If you’ll be selling through partners, does your product do enough to solve their needs? You may find that, even though a potential distribution partner has an overlapping customer base, their world view is entirely different from yours. You should treat potential partners as a client type and uncover all of the agendas at play instead of making hasty assumptions. Often, success with partnerships benefits greatly from strong relationships, not just cool new technology.
Check your revenue model
Figuring out where the clients will come from is a good step, but opening up those channels will cost money. Can you market to them cheaply enough, retain them, and make sure their lifetime value (LTV) is higher than your customer acquisition cost (CAC)? You need enough leverage and product stickiness to account for all your costs, from business processes to distribution partner royalties.
If your innovation centers around the elimination of fees — like cutting out agents — you’ll have to figure out how and when you will get paid and whether the revenue is substantial enough to build a sustainable company.
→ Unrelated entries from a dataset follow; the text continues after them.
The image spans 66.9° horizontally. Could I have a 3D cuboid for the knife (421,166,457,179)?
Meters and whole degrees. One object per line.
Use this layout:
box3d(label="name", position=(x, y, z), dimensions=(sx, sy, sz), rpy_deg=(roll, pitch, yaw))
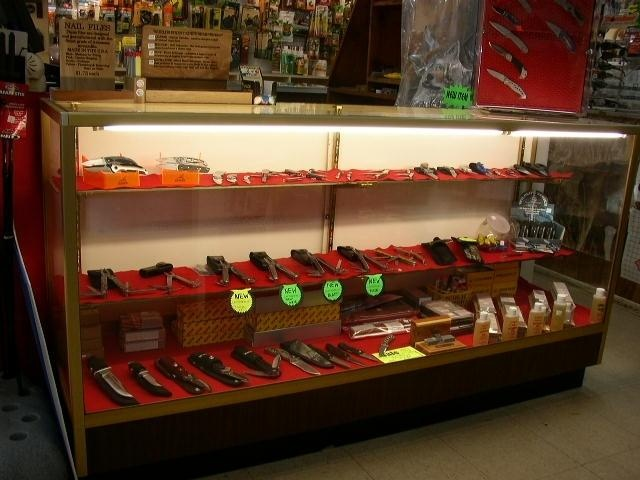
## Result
box3d(label="knife", position=(0.762, -0.434, 3.134), dimensions=(0.131, 0.052, 0.045), rpy_deg=(21, 0, -8))

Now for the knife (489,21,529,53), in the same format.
box3d(label="knife", position=(1.165, -1.252, 2.965), dimensions=(0.272, 0.045, 0.020), rpy_deg=(39, 8, 0))

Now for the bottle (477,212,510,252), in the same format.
box3d(label="bottle", position=(1.221, -0.058, 3.430), dimensions=(0.232, 0.244, 0.245), rpy_deg=(14, 4, 20))

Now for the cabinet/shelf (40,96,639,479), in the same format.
box3d(label="cabinet/shelf", position=(0.180, 0.156, 2.833), dimensions=(3.158, 1.885, 1.150), rpy_deg=(-11, 22, -28))

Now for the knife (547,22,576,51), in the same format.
box3d(label="knife", position=(1.474, -1.238, 2.952), dimensions=(0.193, 0.172, 0.024), rpy_deg=(0, 18, 0))

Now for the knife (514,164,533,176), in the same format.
box3d(label="knife", position=(1.415, -0.484, 3.362), dimensions=(0.053, 0.028, 0.115), rpy_deg=(-24, 57, -39))
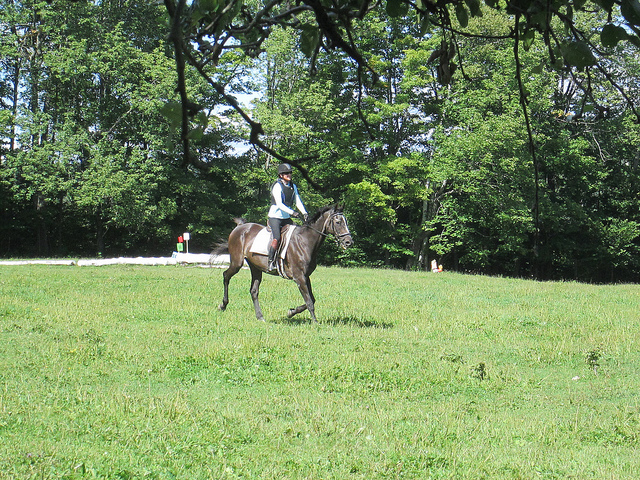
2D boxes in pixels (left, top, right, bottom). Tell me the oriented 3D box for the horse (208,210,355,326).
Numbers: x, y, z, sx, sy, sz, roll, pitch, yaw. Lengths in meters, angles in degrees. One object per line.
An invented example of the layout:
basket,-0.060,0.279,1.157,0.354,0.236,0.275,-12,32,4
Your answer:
horse,-1.187,0.691,18.573,4.864,3.025,1.150,2,0,36
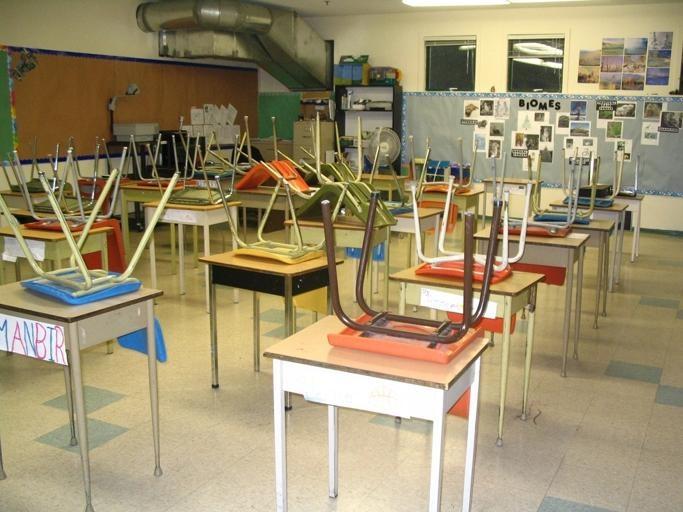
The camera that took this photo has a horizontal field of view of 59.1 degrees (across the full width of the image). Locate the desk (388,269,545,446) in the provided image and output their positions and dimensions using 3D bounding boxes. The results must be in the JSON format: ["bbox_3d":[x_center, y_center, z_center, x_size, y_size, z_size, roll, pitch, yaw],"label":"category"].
[{"bbox_3d":[0.624,0.485,3.296,0.830,0.899,0.612,7,-12,7],"label":"desk"}]

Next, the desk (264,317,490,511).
[{"bbox_3d":[0.165,0.726,2.633,0.789,0.758,0.537,7,16,29],"label":"desk"}]

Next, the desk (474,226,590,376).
[{"bbox_3d":[1.204,0.297,3.787,0.865,0.809,0.675,9,17,37],"label":"desk"}]
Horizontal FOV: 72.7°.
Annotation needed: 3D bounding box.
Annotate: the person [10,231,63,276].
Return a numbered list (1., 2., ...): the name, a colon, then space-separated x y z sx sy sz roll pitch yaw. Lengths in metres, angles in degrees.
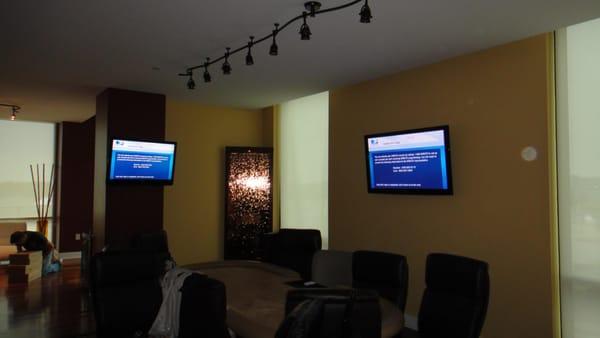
1. person: -6.152 1.926 9.501 0.983 1.065 0.904 -4 3 -21

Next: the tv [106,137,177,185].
1. tv: -3.119 -0.157 7.852 1.056 0.689 0.135 2 8 -25

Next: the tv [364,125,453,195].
1. tv: 1.906 -0.151 6.899 1.354 0.897 0.136 -3 1 30
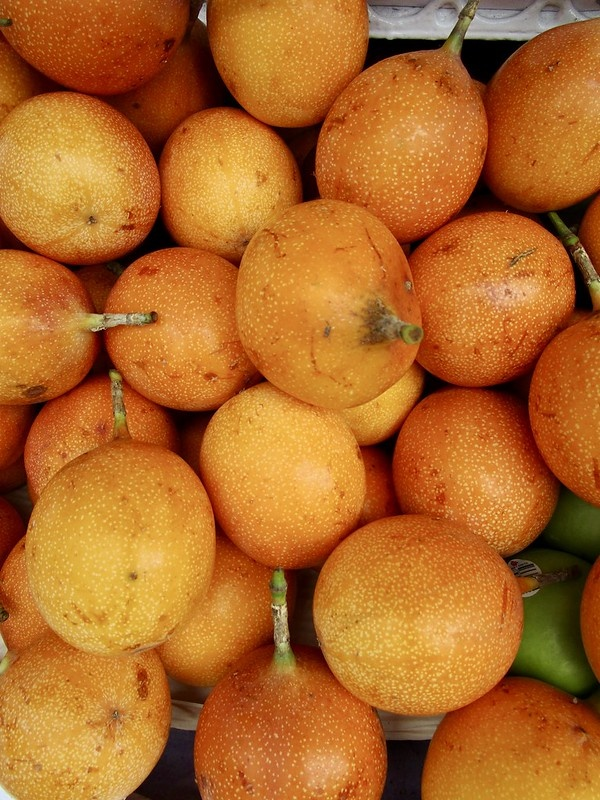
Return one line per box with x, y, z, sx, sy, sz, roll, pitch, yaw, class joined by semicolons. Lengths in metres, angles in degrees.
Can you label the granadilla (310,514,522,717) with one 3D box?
0.114;0.234;0.914;0.231;0.194;0.197;1;76;0;granadilla
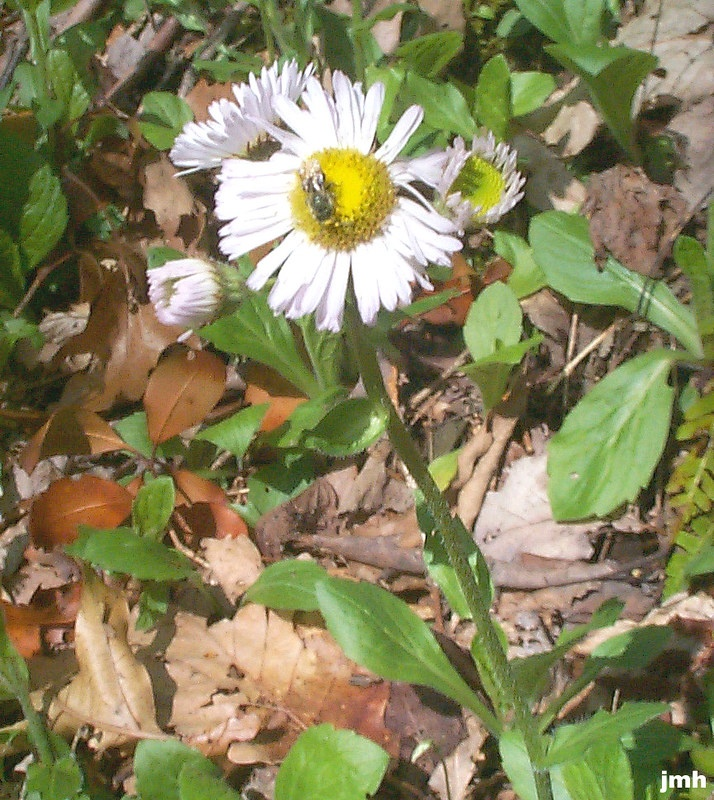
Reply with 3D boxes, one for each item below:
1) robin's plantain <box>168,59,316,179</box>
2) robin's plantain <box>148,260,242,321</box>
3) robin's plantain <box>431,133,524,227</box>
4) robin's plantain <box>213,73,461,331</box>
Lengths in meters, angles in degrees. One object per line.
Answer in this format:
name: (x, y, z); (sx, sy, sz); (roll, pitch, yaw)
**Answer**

If it’s a monthly subscription service to help industry professionals, how can you ensure your product delivers consistent enough value and performance to stave off the high churn rate that plagues the industry? Products that work tend to charge fees aligned to the delivery of value — and that value must be clear, measurable, and consistent.
The bottom line on innovation
Here it is: innovators, don’t give up. It’s taken Zillow a decade, but the Zestimate (love it or hate it) has turned into arguably one of the most disruptive services to hit consumer real estate in a long time. Innovators abound now — iBuyers are successfully eliminating one whole side of the transaction, title insurance and the closing process are being reimagined by companies like States Title, and managed marketplaces like Roofstock aim to create a better overall customer experience for specific segments within the industry.
The hurdles are high but so are the potential rewards, and it’s for this reason we’ve seen such a proliferation of investors backing real estate technology startups and forward-thinking entrepreneurs. As tech-enabled real estate companies continue to stake out an increasing share of the market and consumers look for easier, more seamless experiences, the writing is on the wall for innovation to shape the industry’s future.
This column does not necessarily reflect the opinion of HousingWire’s editorial department and its owners.